Glücklicherweise starteten wir eine furiose Aufholjagd. Zunächst gewann Julian seine Partie, auch dank seines starken Freibauern auf a7 im Mittelspiel.

Julian mit dominantem a-Freibauern | Foto: Paul Doberitz

 
Wenig später brachte Sarah den nächsten vollen Punkt nach Hause. Mit zwischenzeitlich 2 Mehrqualitäten gab sie eine davon zurück, um im Gegenzug einen nachhaltigen Königsangriff zu entfalten.

Sarah, hier noch mit beiden Mehrqualitäten | Foto: Paul Doberitz

 
Damit nicht genug: Auch Roland entschied eine Partie für sich, in deren Verlauf keiner sagen konnte, wer überhaupt auf Gewinn spielte.

Roland behält den Durchblick | Foto: Paul Doberitz

 
Das Mannschaftsglück vollendete Frank mit dem vierten Brettpunkt in Folge. Nachdem er langsam und konzentriert seinen Anzugsvorteil ausgebaut hatte, erlegte er seinen Gegner letztlich im Turmendspiel.

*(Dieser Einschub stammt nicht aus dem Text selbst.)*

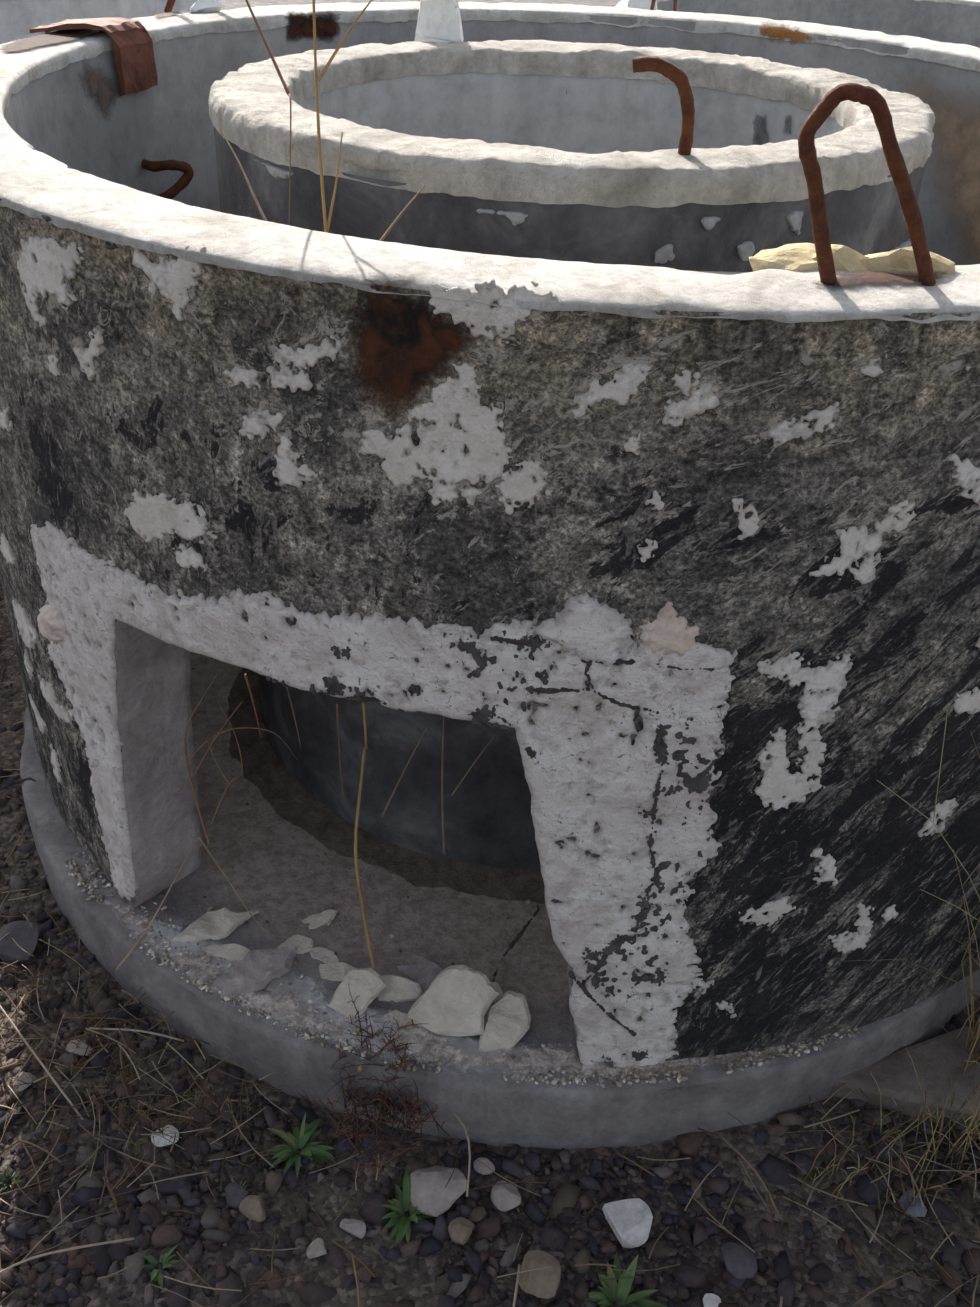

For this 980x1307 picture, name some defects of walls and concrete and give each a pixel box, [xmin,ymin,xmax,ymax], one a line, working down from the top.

corrosion [287,12,340,40]
corrosion [761,24,809,43]
corrosion [814,271,945,287]
corrosion [353,281,472,416]
peeling [358,361,553,515]
peeling [123,488,218,572]
crack [490,636,552,646]
crack [322,676,404,712]
peeling [751,652,853,811]
spalling [12,521,800,1077]
crack [533,659,715,932]
crack [568,971,637,1036]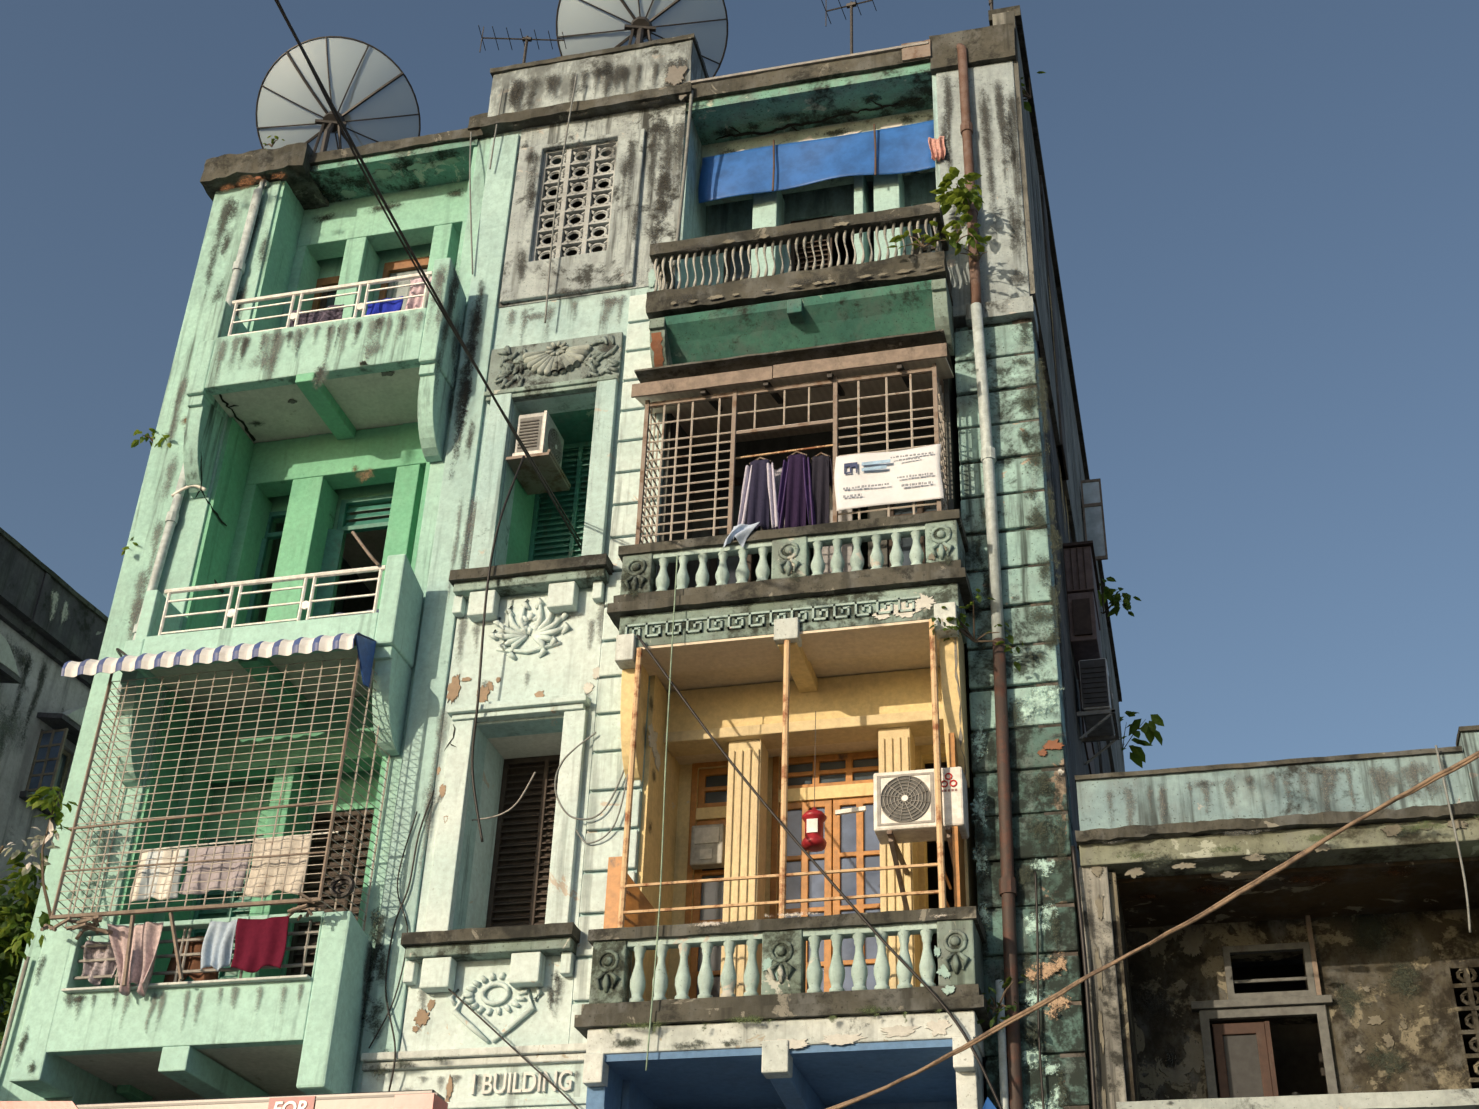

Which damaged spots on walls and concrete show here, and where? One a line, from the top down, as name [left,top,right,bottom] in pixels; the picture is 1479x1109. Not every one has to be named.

leakage [508,58,687,126]
leakage [941,78,952,168]
leakage [517,141,539,206]
leakage [606,123,687,235]
leakage [207,200,245,316]
leakage [246,206,269,259]
leakage [218,261,484,453]
crack [219,394,256,442]
leakage [0,638,47,749]
peeling [447,674,501,704]
peeling [1147,925,1205,957]
peeling [1159,1035,1204,1087]

Frank kurz vor der wegweisenden Abwicklung ins Endspiel | Foto: Paul Doberitz

 
Der Mannschaftssieg war damit unter Dach und Fach, sodass Georgios seine Partie etwas entspannter zu Ende spielen konnte. Er bewies Kampfgeist und hielt eine relativ unangenehme Stellung Remis.

Georgios im komplizierten spanischen Mittelspiel | Foto: Paul Doberitz

 
So endete der Wettkampf mit 5:3, was uns sehr optimistisch ins Abschlusswochenende blicken lässt.